欧州委員会のウルズラ・フォンデアライエン委員長と頬にキスし合うウクライナのゼレンスキー大統領(ウクライナ大統領府のサイトより、11月4日撮影)

 パレスチナのガザ地区を実効支配するハマスとイスラエルとの紛争勃発で、世界の関心がロシア・ウクライナ紛争から遠ざかってしまった、と多々報じられている。

 一部のメディアは、ウクライナとその紛争に関する報道記事の数やSNSで触れられる回数の変化を調べ上げて、その実証にまでわざわざ及んでくれている。

ゼレンスキーが勇み足、支持失うきっかけに

 確かにこの新たな中東紛争は、ウクライナのV.ゼレンスキー政権にとって想定外だった。

 前回のこのコラムで触れたように、彼らの主張や要求に世界は疲れ飽きてきている。その流れを何とか押し戻そうと必死になっていた矢先に、折悪しくこの騒ぎの勃発である。

 10月7日にハマスがイスラエルを攻撃してから3週間ほど後に、マルタ島で第3回ウクライナ和平会議が開催された。

 ウクライナはここで多数の国々からの、自国の主張する和平案への同意取り付けを狙っていた。

 だが、今回は中国に参加を見送られ、その上、会議の共同声明を出すことにも失敗した。

 イスラエル・ハマス衝突問題に関する各国の見解相違が大きな雑音になったことも、その理由だったと伝えられる。

 この会議に前回を上回る66か国の代表が集まったことで、ウクライナ外相・D.クレバは、ウクライナへの関心が薄れているなどとは神話に過ぎない、と嘯いたが、何やらごまめの歯ぎしりめいて聞こえる。

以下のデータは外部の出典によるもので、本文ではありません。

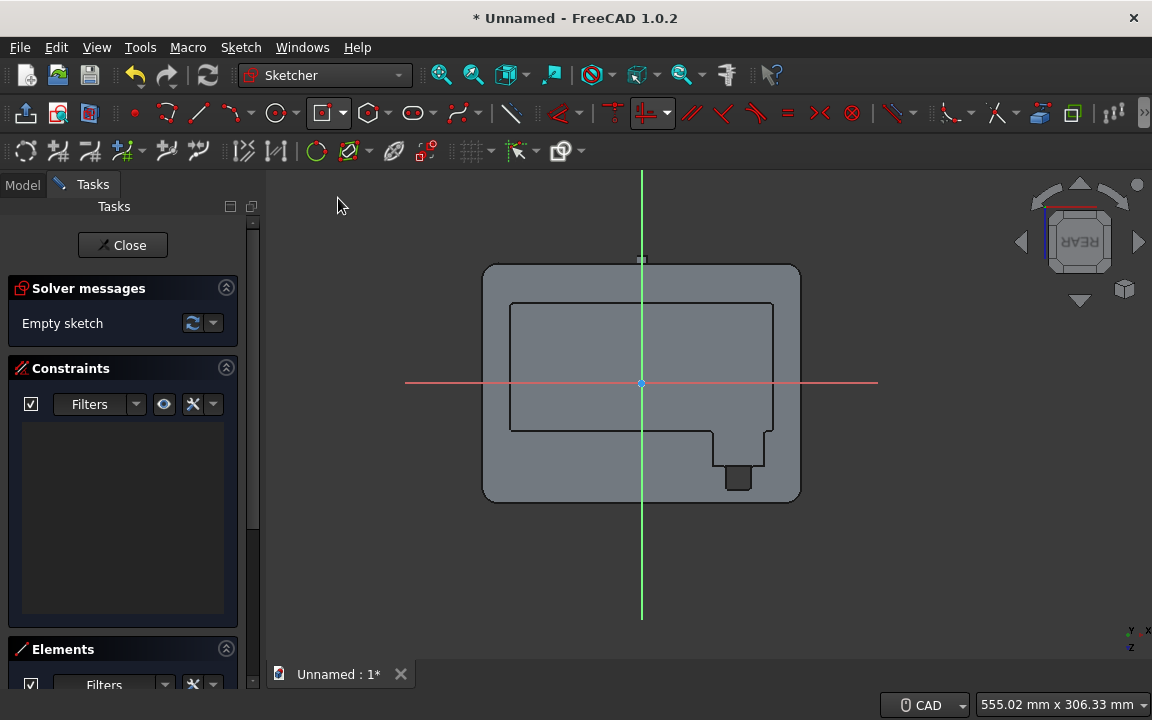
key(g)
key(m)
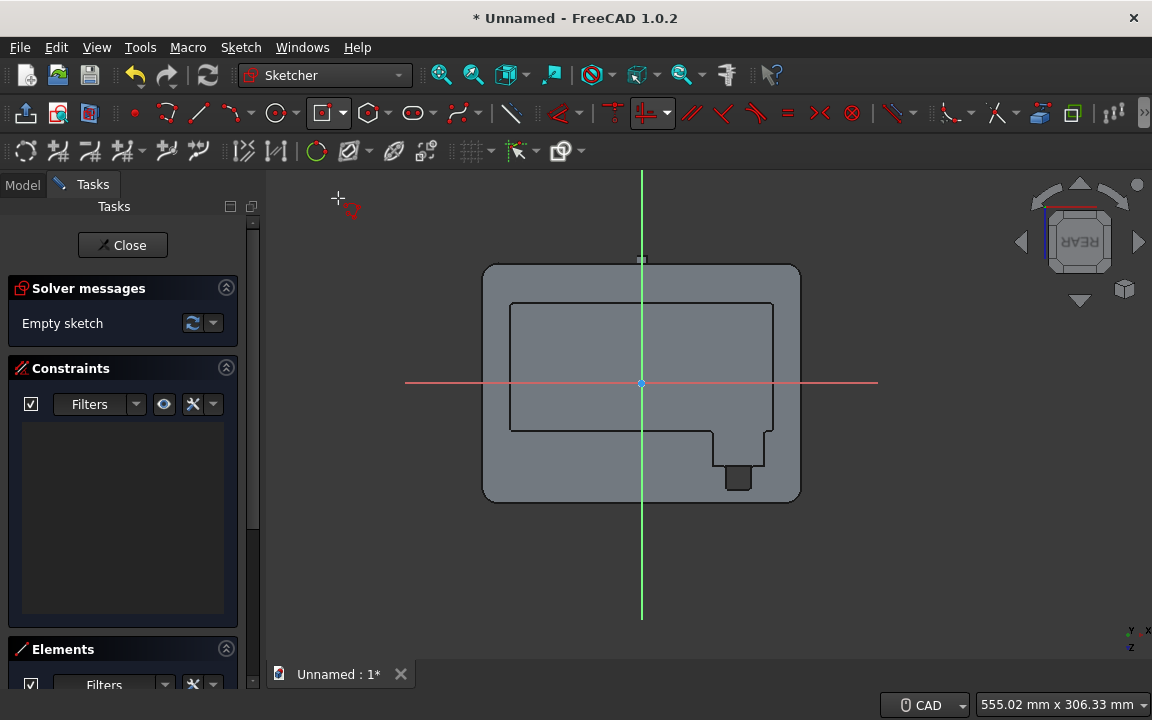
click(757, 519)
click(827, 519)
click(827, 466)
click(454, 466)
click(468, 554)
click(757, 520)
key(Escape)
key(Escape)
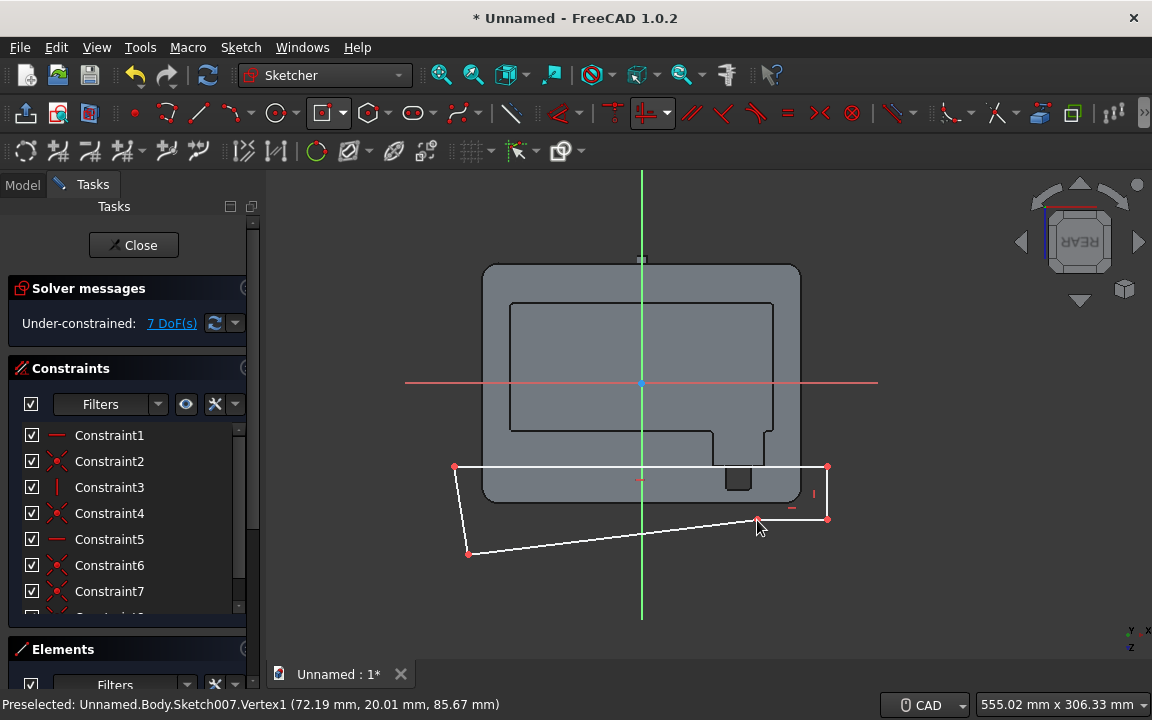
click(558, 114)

 イスラエルがハマスの攻撃を受けると、ゼレンスキーはイスラエル訪問を即座に申し出た。

 攻撃された側の自衛権行使という立場をイスラエルと共有でき、方々イスラエルを支える米国への連帯を示す機会にもなる、と踏んだようだ。

 しかし、この申し出はイスラエル側からは断られる。

 国家存亡とまで思い詰めて事態への対応に没頭するイスラエルにとって、他国の政治宣伝の片棒を担いでいる閑などなかったのだろう。

 そして、ゼレンスキーがこのように動いてしまったために、ウクライナはその後の国際世論の批判を浴びるイスラエル側に付いた、と多くの国に看做されてしまうことになる。

 それが上述のウクライナ和平会議の結果にも表れたのかもしれない。